The dispute is over the 45th and 47th president’s Executive Order 14248, titled “Preserving and Protecting the Integrity of American Elections.” The order broadly seeks to reshape how elections are administered in the country by, among other things, purporting to enforce a requirement that all voters prove their citizenship by way of formal documentation and by putting a stop to vote-by-mail systems that count ballots postmarked by, but received after, Election Day.

The first group of amici say the executive order “illegally” arrogates power to the president that has been constitutionally reserved for states.

“Contrary to the federalism and separation of powers principles codified in the Constitution’s Elections and Electors Clauses, the Executive Order would unilaterally coronate the President as the country’s chief election policymaker and administrator,” the pro-plaintiffs brief continues. “To voters, Amici’s successors, and every state legislator in the country, the Executive Order therefore represents an existential threat.”

Earlier this month, the U.S. Department of Justice moved to short-circuit the case in its own favor — by using the different procedural method of a motion to dismiss for lack of jurisdiction and standing.

On Monday, the DOJ also received some motions practice support.

In a 20-page amicus brief, the Republican Party of Arizona and a decades-old conservative nonprofit called RITE PAC — Restoring Integrity and Trust in Elections — argue expressly on the terrain of the proposed citizenship documentation requirement.

The pro-Trump administration filing argues the National Voter Registration Act (NVRA) “certainly permits” the Election Assistance Commission (EAC) “to require documentary proof of citizenship as a prerequisite to registering to vote in federal elections.” And, more broadly, the groups say Trump’s directive “is consistent with and implements Congress’ express objective of confining the franchise to United States citizens and prohibiting the registration of non-citizens.”

To hear the conservative organizations tell it, the NVRA is just one of many federal laws that concern voting in federal elections. And, while the statute itself may not have much of anything to say about citizenship documentation, several others do — and those statutes clearly limit the franchise to citizens. Therefore, the brief argues, reading a citizenship requirement into the NVRA is not out of the ordinary — and is both legally and constitutionally permissible.

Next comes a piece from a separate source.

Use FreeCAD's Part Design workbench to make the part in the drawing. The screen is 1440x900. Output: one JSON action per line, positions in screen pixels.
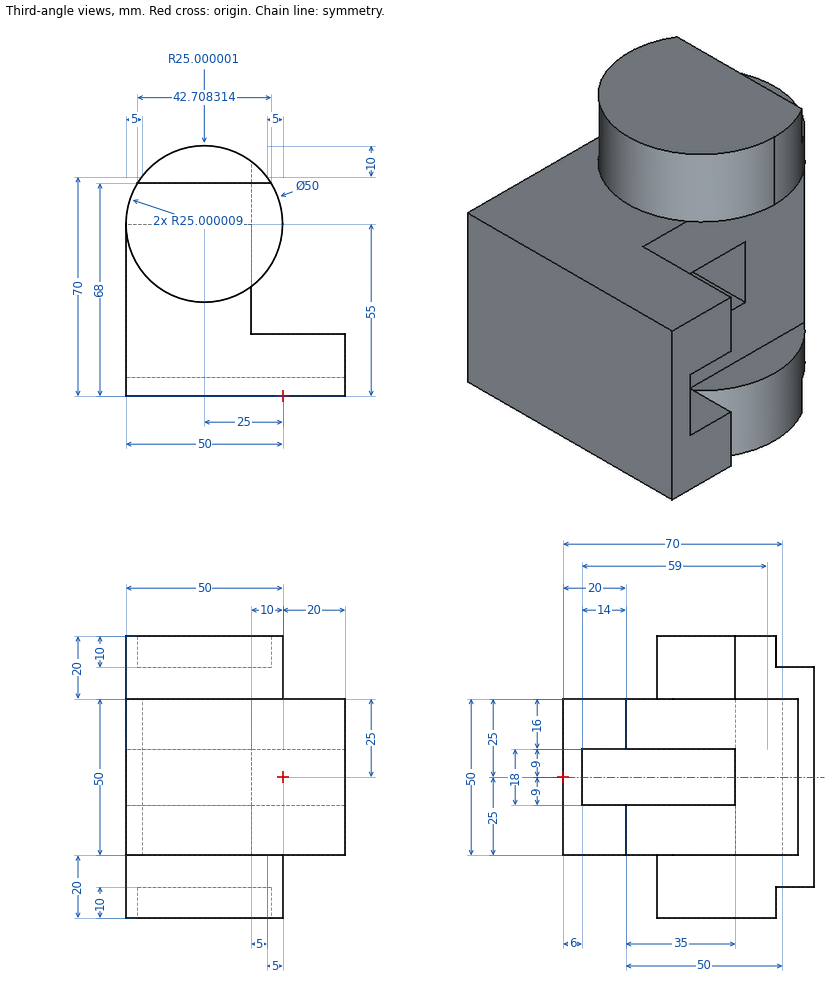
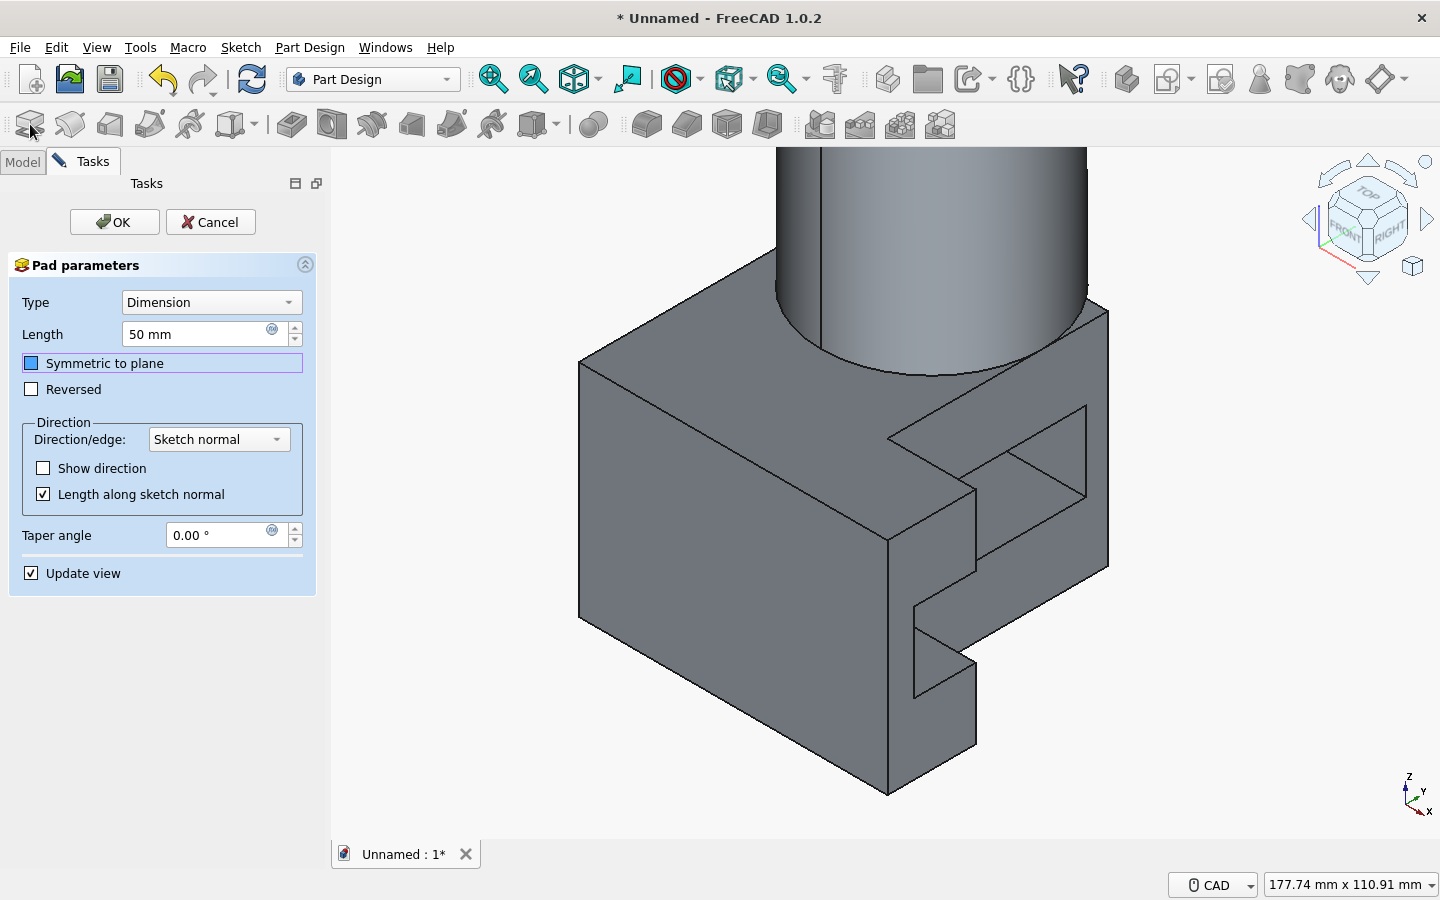
{"action": "left_click", "coordinate": [30, 389]}

The pro-defense filing goes on, at length:

A rigid reading of the NVRA that requires registration agencies to blindly offer registration applications to noncitizens, especially when agency officials will frequently have information at their disposal that indicate a would-be applicant’s non-citizenship status, is at odds with numerous federal laws that prohibit non-citizen registration, protect non-citizens from being solicited to register to vote, and place those who offer registration applications to known non-citizens in potential legal jeopardy. It would also be inconsistent with Congress’ stated purpose of registering only “citizens” to vote and protecting election integrity.

Meanwhile, the pro-plaintiffs filing takes a more bird’s-eye view of the situation — largely striking notes about “executive overreach.”

“The Elections Clause and numerous federal statutes designate states a crucial part of enacting and administering federal elections,” the brief reads. “The President cannot use the Executive Order to crop states out of this picture, just as he cannot superimpose himself in.”

Such overreach, the former election officials say, is unconstitutional, in violation of federal law, contradicts court precedents and existing case law, violates longstanding U.S. traditions, and is a danger to both the lesser function of state election officials and broader democracy writ large.

From the pro-states filing, at length:

[I]f the Court does not grant Plaintiffs’ targeted request to enjoin some of the most onerous portions of the Executive Order now, the snowball of executive overreach will grow swiftly and exponentially. And then it is only a matter of time until the regime created by the Elections and Electors Clauses is buried under an avalanche of Presidential power — “an accumulation that would pose an inherent ‘threat to liberty.'” The Court should not countenance the Executive Order’s attempted unconstitutional power grab by the President.